Each time I return, the smiles float toward me at parties, at premieres, in the eateries where appearances are expected: Ha, ha, Billy; I knew it couldn’t last. I have given up being surprised that they are right. I have stopped believing things will go according to any plan of mine. I watch what happens with the interest of a spectator at the orchestra pit’s railing. Watching my own life.
It is a life of repeated gestures, characters’ ticks. I fall down laughing, I wail brokenheartedly, I ask questions with a particular tilt of my head. I bellow like a bull, I die like a man or like a coward – outlines, outfits into which I step, as changeless as the masks of Noh. Thirty years. Like the others: clean boys with clean faces, growing into clean young men, then beginning the long swoon down, age peeling us away from our utility. When I started: surfer haircuts, chinos, madras button-down shirts. The vogue has turned again and again since then – a widening gyre. Now heros smell of cordite, of the abattoir. They are shirtless, weary and weighed down with fate. They are martial artists with torsos out of Gray’s Anatomy. They long for rest but they have a job to do.

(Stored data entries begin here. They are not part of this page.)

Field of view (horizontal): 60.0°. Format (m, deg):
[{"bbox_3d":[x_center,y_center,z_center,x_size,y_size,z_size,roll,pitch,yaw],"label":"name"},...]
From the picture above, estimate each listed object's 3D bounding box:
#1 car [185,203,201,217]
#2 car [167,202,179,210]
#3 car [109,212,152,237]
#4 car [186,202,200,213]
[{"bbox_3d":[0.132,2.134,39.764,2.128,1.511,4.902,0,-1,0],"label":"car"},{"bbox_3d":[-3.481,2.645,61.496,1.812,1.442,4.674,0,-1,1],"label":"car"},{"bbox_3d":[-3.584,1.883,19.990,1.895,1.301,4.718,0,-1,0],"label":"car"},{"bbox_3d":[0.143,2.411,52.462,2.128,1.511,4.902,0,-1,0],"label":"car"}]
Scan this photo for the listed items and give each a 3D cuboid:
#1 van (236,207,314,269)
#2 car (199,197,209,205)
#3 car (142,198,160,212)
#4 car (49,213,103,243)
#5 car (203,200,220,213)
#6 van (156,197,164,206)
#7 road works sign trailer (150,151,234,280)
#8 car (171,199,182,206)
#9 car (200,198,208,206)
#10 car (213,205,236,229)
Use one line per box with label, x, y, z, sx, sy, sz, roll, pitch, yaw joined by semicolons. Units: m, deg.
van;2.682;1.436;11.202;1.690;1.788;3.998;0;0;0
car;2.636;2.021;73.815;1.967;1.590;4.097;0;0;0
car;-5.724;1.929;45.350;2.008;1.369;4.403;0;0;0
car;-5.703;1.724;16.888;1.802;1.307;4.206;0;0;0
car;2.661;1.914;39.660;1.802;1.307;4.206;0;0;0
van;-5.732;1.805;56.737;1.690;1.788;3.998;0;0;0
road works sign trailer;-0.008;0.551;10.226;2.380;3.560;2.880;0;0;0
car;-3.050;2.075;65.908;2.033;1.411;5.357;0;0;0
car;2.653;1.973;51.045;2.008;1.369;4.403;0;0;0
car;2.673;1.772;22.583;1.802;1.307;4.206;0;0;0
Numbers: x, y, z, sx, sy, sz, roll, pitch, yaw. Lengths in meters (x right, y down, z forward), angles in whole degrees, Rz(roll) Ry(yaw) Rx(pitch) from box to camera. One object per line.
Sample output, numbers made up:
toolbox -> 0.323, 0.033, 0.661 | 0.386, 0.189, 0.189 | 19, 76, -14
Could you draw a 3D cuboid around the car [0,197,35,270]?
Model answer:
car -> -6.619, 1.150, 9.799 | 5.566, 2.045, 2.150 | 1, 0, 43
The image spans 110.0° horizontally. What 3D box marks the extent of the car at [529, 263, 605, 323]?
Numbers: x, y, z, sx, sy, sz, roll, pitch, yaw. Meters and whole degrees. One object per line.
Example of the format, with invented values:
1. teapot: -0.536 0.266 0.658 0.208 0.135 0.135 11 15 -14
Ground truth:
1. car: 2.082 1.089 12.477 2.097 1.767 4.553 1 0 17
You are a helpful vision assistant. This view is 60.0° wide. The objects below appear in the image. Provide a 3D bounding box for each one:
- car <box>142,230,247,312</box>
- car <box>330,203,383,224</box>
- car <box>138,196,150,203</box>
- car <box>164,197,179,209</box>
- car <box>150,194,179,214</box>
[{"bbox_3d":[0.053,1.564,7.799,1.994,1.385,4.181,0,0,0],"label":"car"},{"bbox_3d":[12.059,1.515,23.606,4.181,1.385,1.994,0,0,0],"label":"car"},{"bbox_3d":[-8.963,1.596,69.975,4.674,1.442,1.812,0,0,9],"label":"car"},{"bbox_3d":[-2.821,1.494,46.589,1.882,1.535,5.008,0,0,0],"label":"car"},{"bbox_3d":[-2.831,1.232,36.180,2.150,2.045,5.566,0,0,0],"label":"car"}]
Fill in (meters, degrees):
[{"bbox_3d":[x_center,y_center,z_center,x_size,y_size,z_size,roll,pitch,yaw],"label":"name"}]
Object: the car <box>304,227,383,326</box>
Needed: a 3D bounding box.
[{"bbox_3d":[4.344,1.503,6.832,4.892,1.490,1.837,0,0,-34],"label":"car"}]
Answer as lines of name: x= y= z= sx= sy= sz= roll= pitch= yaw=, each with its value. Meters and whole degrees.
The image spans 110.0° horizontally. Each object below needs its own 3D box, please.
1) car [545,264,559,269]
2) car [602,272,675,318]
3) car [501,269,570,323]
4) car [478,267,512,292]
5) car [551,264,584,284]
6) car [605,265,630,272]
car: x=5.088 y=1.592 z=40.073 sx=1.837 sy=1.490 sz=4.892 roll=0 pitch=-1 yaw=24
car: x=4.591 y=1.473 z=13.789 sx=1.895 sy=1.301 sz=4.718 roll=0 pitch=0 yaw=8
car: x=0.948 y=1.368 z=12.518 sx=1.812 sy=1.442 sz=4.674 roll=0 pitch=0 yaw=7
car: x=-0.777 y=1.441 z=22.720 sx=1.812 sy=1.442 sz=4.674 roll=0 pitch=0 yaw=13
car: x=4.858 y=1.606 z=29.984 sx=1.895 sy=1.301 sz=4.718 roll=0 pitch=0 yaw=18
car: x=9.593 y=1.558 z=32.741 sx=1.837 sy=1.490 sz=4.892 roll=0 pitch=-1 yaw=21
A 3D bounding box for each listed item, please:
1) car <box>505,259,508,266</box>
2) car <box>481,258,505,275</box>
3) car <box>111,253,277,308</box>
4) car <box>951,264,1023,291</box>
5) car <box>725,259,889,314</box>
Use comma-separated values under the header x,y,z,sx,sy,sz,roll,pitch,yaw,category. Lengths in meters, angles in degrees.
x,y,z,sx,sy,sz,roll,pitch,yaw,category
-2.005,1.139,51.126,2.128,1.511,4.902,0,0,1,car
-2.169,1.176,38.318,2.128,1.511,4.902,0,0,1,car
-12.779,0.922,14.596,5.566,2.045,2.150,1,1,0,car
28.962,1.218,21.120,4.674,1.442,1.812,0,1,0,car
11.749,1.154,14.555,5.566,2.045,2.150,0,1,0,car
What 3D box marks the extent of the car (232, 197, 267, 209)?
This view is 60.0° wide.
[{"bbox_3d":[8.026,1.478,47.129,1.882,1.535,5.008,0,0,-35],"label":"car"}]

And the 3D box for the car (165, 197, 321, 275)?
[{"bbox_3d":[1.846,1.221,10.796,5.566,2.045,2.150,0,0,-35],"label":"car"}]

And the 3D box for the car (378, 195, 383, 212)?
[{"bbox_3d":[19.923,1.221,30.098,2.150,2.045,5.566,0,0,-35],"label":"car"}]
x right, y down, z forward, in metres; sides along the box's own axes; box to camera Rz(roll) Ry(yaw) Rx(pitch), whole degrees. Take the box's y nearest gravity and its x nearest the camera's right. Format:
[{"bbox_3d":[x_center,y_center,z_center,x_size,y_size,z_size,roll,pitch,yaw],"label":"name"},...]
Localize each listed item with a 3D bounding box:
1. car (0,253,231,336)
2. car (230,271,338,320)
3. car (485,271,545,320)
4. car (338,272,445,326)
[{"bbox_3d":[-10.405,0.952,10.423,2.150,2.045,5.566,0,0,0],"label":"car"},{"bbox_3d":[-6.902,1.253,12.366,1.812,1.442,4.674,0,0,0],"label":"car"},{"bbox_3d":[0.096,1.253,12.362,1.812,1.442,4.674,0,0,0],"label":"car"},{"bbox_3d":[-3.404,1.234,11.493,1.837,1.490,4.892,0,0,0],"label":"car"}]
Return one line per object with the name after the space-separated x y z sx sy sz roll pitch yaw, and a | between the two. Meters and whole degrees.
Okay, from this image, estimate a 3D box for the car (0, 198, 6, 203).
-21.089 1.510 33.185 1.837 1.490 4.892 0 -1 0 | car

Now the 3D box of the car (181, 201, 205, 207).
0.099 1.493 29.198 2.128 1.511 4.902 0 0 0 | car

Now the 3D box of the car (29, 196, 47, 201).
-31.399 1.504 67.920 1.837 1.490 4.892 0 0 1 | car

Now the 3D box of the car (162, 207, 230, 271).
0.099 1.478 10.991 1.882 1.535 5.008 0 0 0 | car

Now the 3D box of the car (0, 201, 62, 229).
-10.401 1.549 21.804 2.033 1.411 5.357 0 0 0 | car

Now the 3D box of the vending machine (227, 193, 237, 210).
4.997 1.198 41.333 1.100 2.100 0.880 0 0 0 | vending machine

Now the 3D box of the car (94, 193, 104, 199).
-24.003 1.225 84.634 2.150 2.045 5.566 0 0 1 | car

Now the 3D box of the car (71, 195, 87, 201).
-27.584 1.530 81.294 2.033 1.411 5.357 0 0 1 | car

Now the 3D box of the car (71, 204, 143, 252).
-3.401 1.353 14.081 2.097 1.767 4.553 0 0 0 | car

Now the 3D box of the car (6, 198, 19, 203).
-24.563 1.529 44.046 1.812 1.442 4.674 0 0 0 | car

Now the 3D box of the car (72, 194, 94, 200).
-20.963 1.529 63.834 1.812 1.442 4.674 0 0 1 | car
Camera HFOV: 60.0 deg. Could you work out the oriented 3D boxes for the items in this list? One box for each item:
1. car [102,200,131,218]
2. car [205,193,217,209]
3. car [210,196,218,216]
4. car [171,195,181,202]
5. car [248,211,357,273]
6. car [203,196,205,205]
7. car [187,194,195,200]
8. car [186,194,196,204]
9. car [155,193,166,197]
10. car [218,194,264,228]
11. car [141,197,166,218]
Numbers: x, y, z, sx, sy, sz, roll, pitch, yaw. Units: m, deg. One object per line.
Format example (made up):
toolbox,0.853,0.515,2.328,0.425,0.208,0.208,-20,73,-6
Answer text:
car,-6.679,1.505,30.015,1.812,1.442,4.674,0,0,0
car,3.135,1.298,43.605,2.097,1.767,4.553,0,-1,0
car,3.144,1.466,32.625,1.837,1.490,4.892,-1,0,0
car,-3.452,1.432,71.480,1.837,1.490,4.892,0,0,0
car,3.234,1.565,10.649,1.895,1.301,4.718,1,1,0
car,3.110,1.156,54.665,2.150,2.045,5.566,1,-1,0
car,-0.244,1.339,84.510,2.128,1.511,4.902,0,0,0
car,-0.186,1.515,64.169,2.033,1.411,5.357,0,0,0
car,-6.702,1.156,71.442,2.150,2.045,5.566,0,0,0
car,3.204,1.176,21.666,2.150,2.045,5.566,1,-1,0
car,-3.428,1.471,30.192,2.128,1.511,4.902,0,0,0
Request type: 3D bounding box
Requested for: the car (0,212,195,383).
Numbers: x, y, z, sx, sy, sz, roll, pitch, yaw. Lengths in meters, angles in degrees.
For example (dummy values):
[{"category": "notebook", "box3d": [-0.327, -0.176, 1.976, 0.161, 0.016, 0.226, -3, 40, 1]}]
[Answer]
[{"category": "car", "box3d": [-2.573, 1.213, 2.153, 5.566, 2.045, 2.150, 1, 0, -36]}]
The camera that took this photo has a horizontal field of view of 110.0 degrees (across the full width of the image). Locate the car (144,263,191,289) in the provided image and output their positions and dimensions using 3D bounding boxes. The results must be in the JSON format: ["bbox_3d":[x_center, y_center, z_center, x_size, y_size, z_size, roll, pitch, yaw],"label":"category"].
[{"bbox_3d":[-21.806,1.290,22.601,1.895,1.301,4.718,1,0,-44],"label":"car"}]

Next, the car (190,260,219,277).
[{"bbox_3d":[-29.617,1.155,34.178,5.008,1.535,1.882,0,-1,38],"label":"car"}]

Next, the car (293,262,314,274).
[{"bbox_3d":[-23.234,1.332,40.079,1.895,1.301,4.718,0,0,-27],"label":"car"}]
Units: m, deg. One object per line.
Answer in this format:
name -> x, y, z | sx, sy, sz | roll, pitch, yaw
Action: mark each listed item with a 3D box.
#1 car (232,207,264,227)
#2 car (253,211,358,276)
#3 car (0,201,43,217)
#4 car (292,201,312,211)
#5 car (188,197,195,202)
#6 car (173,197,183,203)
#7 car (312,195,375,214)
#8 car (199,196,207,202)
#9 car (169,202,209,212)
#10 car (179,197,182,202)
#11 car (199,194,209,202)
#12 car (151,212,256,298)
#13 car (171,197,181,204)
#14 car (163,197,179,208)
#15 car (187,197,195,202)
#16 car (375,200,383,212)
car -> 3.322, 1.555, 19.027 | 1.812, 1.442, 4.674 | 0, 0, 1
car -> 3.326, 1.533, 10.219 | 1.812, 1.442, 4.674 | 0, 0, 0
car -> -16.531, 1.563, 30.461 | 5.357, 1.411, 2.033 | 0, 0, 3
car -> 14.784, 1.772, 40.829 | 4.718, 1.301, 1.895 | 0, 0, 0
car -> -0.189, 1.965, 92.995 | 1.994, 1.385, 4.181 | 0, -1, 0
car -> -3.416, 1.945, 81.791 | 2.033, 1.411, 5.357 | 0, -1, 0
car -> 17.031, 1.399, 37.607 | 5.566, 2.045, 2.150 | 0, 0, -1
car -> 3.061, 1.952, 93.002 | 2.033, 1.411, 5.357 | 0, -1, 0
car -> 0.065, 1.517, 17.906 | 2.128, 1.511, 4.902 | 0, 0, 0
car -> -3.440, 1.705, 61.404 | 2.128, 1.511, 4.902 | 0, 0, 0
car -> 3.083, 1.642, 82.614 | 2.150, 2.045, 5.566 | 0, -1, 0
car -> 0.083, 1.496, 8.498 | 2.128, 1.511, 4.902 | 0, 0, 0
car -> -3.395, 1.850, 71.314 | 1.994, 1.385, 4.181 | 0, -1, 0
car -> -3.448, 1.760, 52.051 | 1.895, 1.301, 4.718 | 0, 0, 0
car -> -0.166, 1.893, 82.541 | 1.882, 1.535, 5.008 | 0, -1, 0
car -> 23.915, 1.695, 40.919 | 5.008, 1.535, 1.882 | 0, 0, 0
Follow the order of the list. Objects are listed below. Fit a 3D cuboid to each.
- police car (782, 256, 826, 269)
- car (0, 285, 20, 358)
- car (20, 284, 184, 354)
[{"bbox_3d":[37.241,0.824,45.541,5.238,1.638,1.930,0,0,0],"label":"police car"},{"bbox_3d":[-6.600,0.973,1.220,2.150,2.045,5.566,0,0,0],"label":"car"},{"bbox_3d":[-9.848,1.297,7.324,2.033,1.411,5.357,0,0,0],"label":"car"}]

I move with the times. Last year I hired a trainer, emptied my closets and filled them again, cut my hair brutally, started shaving only twice a week. I have the walk I will use on Dangerous Waves: like Peter Falk as Columbo, but I will be sleek, not rumpled. The eyes held exhausted which have seen too much. Beneath a calm exterior, a heart beating raggedly. I will be splendid with menace.
The phone rings and I walk off the helix to the table beside the sliding glass doors. I stoop to pick it up, looking at my reflection.
“Hello.”
“Billy!”
“Yeah. Carlton. How are you?” I straighten again. My reflection is grimacing.
My question for you.”
“No word yet.”
“That could be good. That could be very good.”
I ball my fist in a pocket of my khakis. “Or bad. Or indifferent. That covers our choices.”
“Billy, Billy. I told you, Chavitz is a friend of mine. He’s intrigued. Casting against type, etcetera, etcetera. It would be good for the buzz; he knows that.”
“Against type. What type am I, Carlton?”
“Billy, this is me. Howard made you. Don’t be ungrateful.”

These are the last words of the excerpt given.